Prove that $T_pM^*=\mathfrak m_p/\mathfrak m_p^2$.

Question

Let $M$ a manifold of dimension $n$ and $T_pM$ its tangent space. Let denote $T_p^*M=\mathcal L(T_pM,\mathbb R)$ it's dual. Let also denote $$\mathfrak m_p=\{f\in\mathcal C^\infty (M)\mid f(p)=0\}\quad \text{and}\quad \mathfrak m_p^2=\left\{\sum_{i=1}^k f_ig_i\mid f_i,g_i\in\mathfrak m_p\right\}.$$ Show that $T_pM^*=\mathfrak m_p/\mathfrak m_p^2$.

Let $$\omega :\mathfrak m_p\longrightarrow T_p^*M$$

defined by $$\omega (f)=\omega (f)(X)=X(f)$$ for all derivation $X\in T_pM$. It's easy to prove that $\mathfrak m_p^2\subset \ker \omega $. Then I would like to use the first isomorphisme theorem, but I don't know if I can.

Am I on the right way ? How to continue ?

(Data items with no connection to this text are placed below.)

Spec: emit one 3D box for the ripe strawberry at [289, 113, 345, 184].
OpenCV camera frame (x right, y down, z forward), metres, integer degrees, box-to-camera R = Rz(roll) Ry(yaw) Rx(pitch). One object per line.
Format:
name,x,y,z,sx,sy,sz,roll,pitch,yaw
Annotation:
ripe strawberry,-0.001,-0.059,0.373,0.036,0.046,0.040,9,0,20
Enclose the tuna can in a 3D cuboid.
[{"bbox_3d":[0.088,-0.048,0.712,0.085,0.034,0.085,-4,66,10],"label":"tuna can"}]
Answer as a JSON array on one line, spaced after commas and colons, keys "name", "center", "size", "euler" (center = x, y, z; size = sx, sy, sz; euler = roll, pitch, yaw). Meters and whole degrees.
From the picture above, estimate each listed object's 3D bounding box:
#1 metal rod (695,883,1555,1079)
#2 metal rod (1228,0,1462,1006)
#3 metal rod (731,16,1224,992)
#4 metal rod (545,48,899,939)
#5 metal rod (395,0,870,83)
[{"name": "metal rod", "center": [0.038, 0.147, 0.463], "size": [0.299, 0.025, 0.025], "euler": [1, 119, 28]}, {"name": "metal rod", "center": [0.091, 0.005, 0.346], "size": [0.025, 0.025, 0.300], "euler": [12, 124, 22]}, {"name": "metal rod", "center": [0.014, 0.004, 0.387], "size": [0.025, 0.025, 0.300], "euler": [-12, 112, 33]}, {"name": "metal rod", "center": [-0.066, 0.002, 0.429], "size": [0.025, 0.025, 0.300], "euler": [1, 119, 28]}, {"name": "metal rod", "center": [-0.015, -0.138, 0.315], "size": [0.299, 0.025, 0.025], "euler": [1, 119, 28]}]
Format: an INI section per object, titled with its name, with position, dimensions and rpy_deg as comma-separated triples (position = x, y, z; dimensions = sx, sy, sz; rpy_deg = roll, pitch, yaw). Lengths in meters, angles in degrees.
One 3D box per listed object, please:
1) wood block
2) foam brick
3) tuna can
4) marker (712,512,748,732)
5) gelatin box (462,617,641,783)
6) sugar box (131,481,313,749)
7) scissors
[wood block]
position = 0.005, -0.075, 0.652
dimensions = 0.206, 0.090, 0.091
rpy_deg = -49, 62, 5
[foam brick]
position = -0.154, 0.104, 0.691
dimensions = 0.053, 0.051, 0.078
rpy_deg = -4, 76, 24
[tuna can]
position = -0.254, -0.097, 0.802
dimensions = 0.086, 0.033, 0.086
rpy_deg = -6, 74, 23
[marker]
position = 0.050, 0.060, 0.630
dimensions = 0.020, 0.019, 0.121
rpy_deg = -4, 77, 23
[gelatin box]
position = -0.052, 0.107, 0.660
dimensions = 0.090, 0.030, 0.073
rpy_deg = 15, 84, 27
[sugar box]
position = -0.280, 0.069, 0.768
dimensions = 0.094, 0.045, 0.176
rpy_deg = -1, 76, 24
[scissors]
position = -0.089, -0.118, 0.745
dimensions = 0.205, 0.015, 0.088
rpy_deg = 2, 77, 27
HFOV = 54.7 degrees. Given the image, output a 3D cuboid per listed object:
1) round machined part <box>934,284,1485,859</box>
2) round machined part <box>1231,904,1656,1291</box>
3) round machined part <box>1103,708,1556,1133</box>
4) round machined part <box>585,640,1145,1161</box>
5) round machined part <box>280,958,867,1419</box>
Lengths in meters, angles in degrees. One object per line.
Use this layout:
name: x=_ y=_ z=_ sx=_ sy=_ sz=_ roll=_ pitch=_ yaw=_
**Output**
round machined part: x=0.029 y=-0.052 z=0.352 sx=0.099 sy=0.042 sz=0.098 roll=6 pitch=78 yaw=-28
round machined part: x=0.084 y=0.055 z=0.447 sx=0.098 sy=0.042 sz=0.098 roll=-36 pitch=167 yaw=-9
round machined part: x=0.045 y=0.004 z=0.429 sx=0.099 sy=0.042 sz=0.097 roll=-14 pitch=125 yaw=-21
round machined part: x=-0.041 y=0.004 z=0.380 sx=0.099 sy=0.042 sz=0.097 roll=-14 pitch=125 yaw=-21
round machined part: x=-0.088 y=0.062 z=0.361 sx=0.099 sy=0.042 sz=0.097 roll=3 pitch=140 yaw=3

By the way, what does mean that $T_p^*M=\mathfrak m_p/\mathfrak m_p^2$ ? I can't give a concret representation of it.

Answer 1

Choose local coordinates $x_i$ around $p$, with $x_i(p)=0$. Then $m_p$ is the ideal of functions which vanish at $p$. Such a function is of the form $\sum_{i=1}^na_ix_i+ o(x)$. Then $m_p^2$ is the ideal generated by function which vanishes at the order 2 i.e. $f(x)=o(x)$, and the quotient is just the vector space of linear function $x\to \sum_{i=1}^na_ix_i$, i.e. the cotangent space at $p$.

Answer 2

Very late but here it is.

Recall that $T_p M$ is the vector space of all derivations at $p$ denoted by $Der C^{\infty}(M)_p$. Now what do these functions look like? Let $\delta\in Der C^{\infty}(M)_p$. First consider the ideal that you introduce: $\mathfrak{m}_p=\{f\in C^{\infty}(M): f(p)=0\}$. This is actually an ideal inside the ring of functions $C^{\infty}(M)_p$. Since this is an ideal we can then square it and consider $\mathfrak{m}_p^2$.

Notice that we have by the Leigniz Rule $\delta(\mathbb{R})=0$ and $\delta(\mathfrak{m}_p^2)=0$. Now this little fact therefore implies the following: there is a map $\Psi: T_p(M) \to (\mathfrak{m}_p \backslash \mathfrak{m}_p^2)^*$ defined by sending a derivation $\delta$ to $(f+\mathfrak{m}_p^2 \mapsto \delta(f))$. $(\mathfrak{m}_p \backslash \mathfrak{m}_p^2)^*$ is simply the dual vector space to $(\mathfrak{m}_p \backslash \mathfrak{m}_p^2)$, i.e the vector space of linear functionals on $(\mathfrak{m}_p \backslash \mathfrak{m}_p^2)$, so the above definition makes sense. The map $\Psi$ is a bijective map! This offers a nice way to intrisincally define the tangent space $T_P(M)$.

From this one can see that $T_P(M)^*$ is the same as $(\mathfrak{m}_p \backslash \mathfrak{m}_p^2)$ and so this what it means. Now Thomas' answer shows the fact.